Institute of Informatics, Faculty of Automatic Control, Electronics and Computer Science, Silesian University of Technology, Gliwice, Poland.
Bioinformatics. 2018 Jun 1;34(11):1834-1840. doi: 10.1093/bioinformatics/bty023.
Nowadays, genome sequencing is frequently used in many research centers. In projects, such as the Haplotype Reference Consortium or the Exome Aggregation Consortium, huge databases of genotypes in large populations are determined. Together with the increasing size of these collections, the need for fast and memory frugal ways of representation and searching in them becomes crucial.

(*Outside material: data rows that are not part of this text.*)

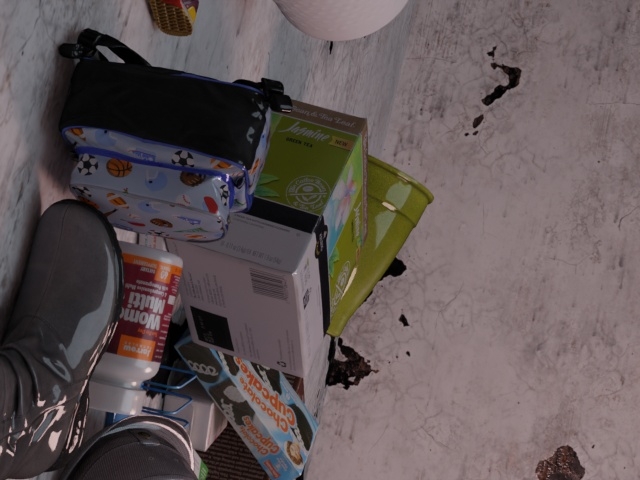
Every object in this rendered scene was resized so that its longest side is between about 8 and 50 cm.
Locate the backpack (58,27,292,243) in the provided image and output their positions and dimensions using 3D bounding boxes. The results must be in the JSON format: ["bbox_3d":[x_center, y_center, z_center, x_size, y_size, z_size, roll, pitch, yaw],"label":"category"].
[{"bbox_3d":[-0.182,-0.108,1.399,0.263,0.276,0.213,73,34,-83],"label":"backpack"}]

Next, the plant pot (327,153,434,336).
[{"bbox_3d":[0.000,0.000,2.357,0.366,0.366,0.353,47,67,-78],"label":"plant pot"}]

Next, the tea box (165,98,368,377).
[{"bbox_3d":[-0.072,-0.011,1.850,0.329,0.220,0.323,86,23,-56],"label":"tea box"}]

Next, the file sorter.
[{"bbox_3d":[-0.265,0.284,1.755,0.118,0.104,0.170,-23,123,-77],"label":"file sorter"}]

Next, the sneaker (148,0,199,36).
[{"bbox_3d":[-0.203,-0.363,1.536,0.185,0.069,0.084,95,1,-62],"label":"sneaker"}]

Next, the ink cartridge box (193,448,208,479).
[{"bbox_3d":[-0.274,0.466,1.947,0.153,0.087,0.208,78,26,-64],"label":"ink cartridge box"}]

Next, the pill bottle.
[{"bbox_3d":[-0.266,0.117,1.519,0.121,0.121,0.221,44,57,-78],"label":"pill bottle"}]

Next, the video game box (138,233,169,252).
[{"bbox_3d":[-0.227,-0.053,1.765,0.205,0.048,0.187,-57,159,-64],"label":"video game box"}]

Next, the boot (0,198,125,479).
[{"bbox_3d":[-0.324,0.119,1.248,0.222,0.118,0.338,2,95,-75],"label":"boot"}]

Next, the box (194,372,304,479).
[{"bbox_3d":[-0.166,0.422,2.204,0.143,0.191,0.381,89,16,-50],"label":"box"}]

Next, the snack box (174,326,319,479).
[{"bbox_3d":[-0.128,0.268,2.058,0.322,0.060,0.187,55,20,-11],"label":"snack box"}]

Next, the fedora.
[{"bbox_3d":[-0.244,0.379,1.611,0.275,0.124,0.244,30,80,-49],"label":"fedora"}]

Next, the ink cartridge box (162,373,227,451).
[{"bbox_3d":[-0.226,0.310,2.034,0.143,0.090,0.092,-40,140,-73],"label":"ink cartridge box"}]

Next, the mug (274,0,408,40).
[{"bbox_3d":[-0.010,-0.568,1.908,0.328,0.276,0.374,41,30,-70],"label":"mug"}]

We present GTC (GenoType Compressor), a novel compressed data structure for representation of huge collections of genetic variation data. It significantly outperforms existing solutions in terms of compression ratio and time of answering various types of queries. We show that the largest of publicly available database of about 60 000 haplotypes at about 40 million SNPs can be stored in <4 GB, while the queries related to variants are answered in a fraction of a second.
GTC can be downloaded from https://github.com/refresh-bio/GTC or http://sun.aei.polsl.pl/REFRESH/gtc.
Supplementary data are available at Bioinformatics online.
如今,基因组测序在许多研究中心得到了广泛应用。在诸如单倍型参考联盟或外显子聚集联盟等项目中,大量的基因型数据库在大型人群中被确定。随着这些集合的规模不断增大,对于快速且节省内存的表示和搜索方法的需求变得至关重要。
我们提出了 GTC(基因型压缩器),这是一种用于表示庞大的遗传变异数据集合的新型压缩数据结构。它在压缩率和回答各种类型查询的时间方面明显优于现有解决方案。我们表明,大约 4 亿个 SNP 中约 6 万个单倍型的最大公共数据库可以存储在<4GB 内,而与变体相关的查询可以在几分之一秒内得到回答。
GTC 可以从 https://github.com/refresh-bio/GTC 或 http://sun.aei.polsl.pl/REFRESH/gtc 下载。
补充数据可在“Bioinformatics”在线获取。